* **WHAT TO WORK ON**: Say how many lines in the material below hold the word "color", and say nothing else.

(LISTED RECORDS begins)

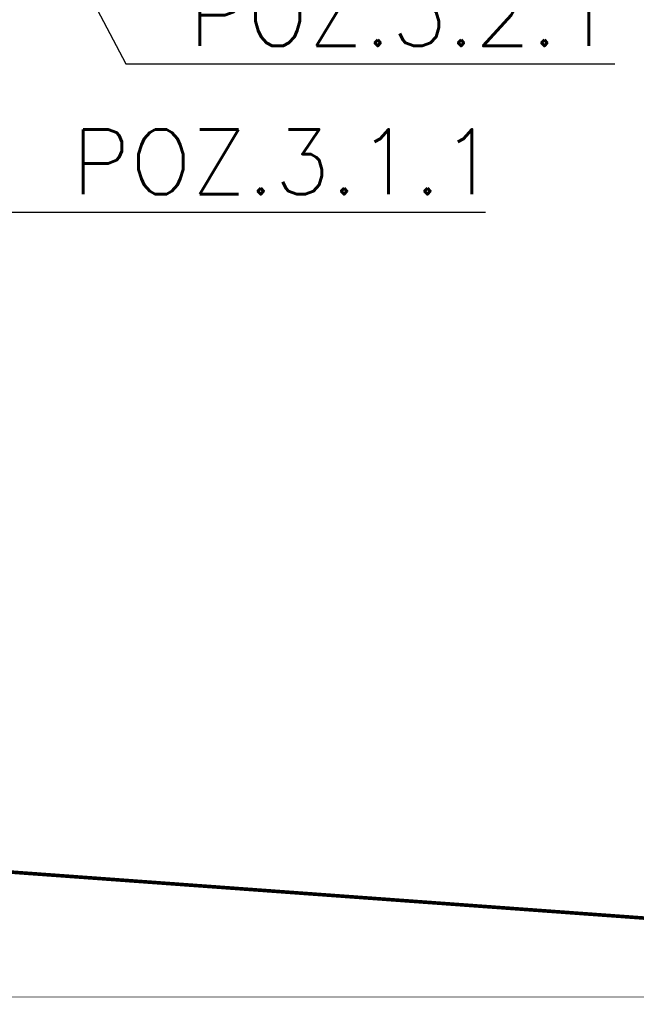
# Model space of a CAD drawing. Extents: x 4615668 to 9294084, y 5325188 to 10688993.
# Tile 215 of 256: x 4639190 to 4639362, y 5327148 to 5327421. Entities that reach past the tile are written whole.
import ezdxf

# ---------------------------------------------------------------- set-up
doc = ezdxf.new("R2010")
doc.units = 0
doc.header["$MEASUREMENT"] = 0
for name, color, linetype, lineweight in [('K-OPISY', 252, 'Continuous', 15), ('posadzka', 94, 'Continuous', 15), ('Wymiar', 7, 'Continuous', 9)]:
    doc.layers.add(name, color=color, linetype=linetype, lineweight=lineweight)
doc.styles.add('Simplex', font='simplex.shx')
doc.dimstyles.new('1do50', dxfattribs={"dimscale": 5, "dimtxt": 2.5, "dimasz": 2.5, "dimexe": 2.5, "dimexo": 0.5, "dimgap": 1, "dimtad": 1, "dimdec": 1, "dimrnd": 0.5, "dimzin": 12, "dimdsep": 46, "dimtxsty": 'Simplex', "dimblk": 'OBLIQUE', "dimcen": 0.5, "dimdle": 2.5, "dimclrd": 256, "dimclre": 256, "dimclrt": 256, "dimadec": 1, "dimazin": 3, "dimtfac": 1, "dimtdec": 1, "dimtix": 1, "dimtmove": 0, "dimatfit": 3, "dimfxl": 0, "dimtolj": 1, "dimtzin": 0, "dimarcsym": 0})

# ---------------------------------------------------------------- blocks, each defined once
blk = doc.blocks.new('G$C3B9EC012')
at = {"layer": 'Wymiar', "lineweight": 0, "ltscale": 40, "const_width": 1}
blk.add_lwpolyline([(1.23, 247.37), (1.23, 247.37), (2300.23, 80.37), (2855.23, 1.37)], dxfattribs=at)
blk = doc.blocks.new('_Oblique')
at = {"color": 0, "linetype": 'ByBlock', "lineweight": -2}
blk.add_line((-0.5, -0.5), (0.5, 0.5), dxfattribs=at)

msp = doc.modelspace()

# ---------------------------------------------------------------- linework, layer by layer
at = {"lineweight": 0, "ltscale": 40}
msp.add_line((4637041.574, 5327340.591), (4639665.783, 5327149.967), dxfattribs=at)
at = {"layer": 'posadzka', "lineweight": 0, "ltscale": 40}
msp.add_lwpolyline([(4639503.383, 5327149.968, 0.15, 0.15, 0), (4638212.813, 5327149.968, 0.15, 0.15, 0), (4638212.813, 5327165.63, 0.15, 0.15, 0), (4638182.813, 5327165.63, 0.15, 0.15, 0), (4638182.813, 5327181.282, 0.15, 0.15, 0), (4638152.813, 5327181.282, 0.15, 0.15, 0), (4638152.813, 5327196.935, 0.15, 0.15, 0), (4638122.813, 5327196.935, 0.15, 0.15, 0), (4638122.813, 5327212.587, 0.15, 0.15, 0), (4638092.813, 5327212.587, 0.15, 0.15, 0), (4638092.813, 5327228.239, 0.15, 0.15, 0), (4638062.813, 5327228.239, 0.15, 0.15, 0), (4638062.813, 5327243.891, 0.15, 0.15, 0), (4638032.813, 5327243.891, 0.15, 0.15, 0), (4638032.813, 5327259.543, 0.15, 0.15, 0), (4638002.813, 5327259.543, 0.15, 0.15, 0), (4638002.813, 5327275.195, 0.15, 0.15, 0), (4637972.813, 5327275.195, 0.15, 0.15, 0), (4637972.813, 5327290.848, 0.15, 0.15, 0), (4637820.762, 5327290.848, 0.15, 0.15, 0)], format="xyseb", dxfattribs=at)

# ---------------------------------------------------------------- block references
at = {"layer": 'Wymiar', "lineweight": 0, "ltscale": 40}
msp.add_blockref('G$C3B9EC012', (4637365.555, 5327069.595), dxfattribs=at)
msp.add_blockref('G$C3B9EC012', (4637365.555, 5327069.595), dxfattribs=at)

# ---------------------------------------------------------------- texts
at = {"layer": 'K-OPISY', "char_height": 18, "attachment_point": 7, "style": 'Simplex'}
for s, insert in [('{\\C0;POZ.3.2.1}', (4639237.456, 5327414.155)), ('{\\C0;POZ.3.1.1}', (4639204.979, 5327372.975))]:
    msp.add_mtext(s, dxfattribs=dict(at, insert=insert))

# ---------------------------------------------------------------- leaders
at = {"layer": 'K-OPISY', "annotation_type": 0, "has_hookline": 1, "hookline_direction": 0}
for points, text_width in [([(4639128.972, 5327482.138), (4639187.479, 5327367.975), (4639199.979, 5327367.975)], 114.857), ([(4639196.534, 5327453.581), (4639219.956, 5327409.155), (4639232.456, 5327409.155)], 118.286)]:
    msp.add_leader(points, dimstyle='1do50', override={"dimgap": 1, "dimtad": 1}, dxfattribs=dict(at, text_width=text_width))

doc.saveas('drawing.dxf')

(LISTED RECORDS ends)

* **ANSWER AREA**: 3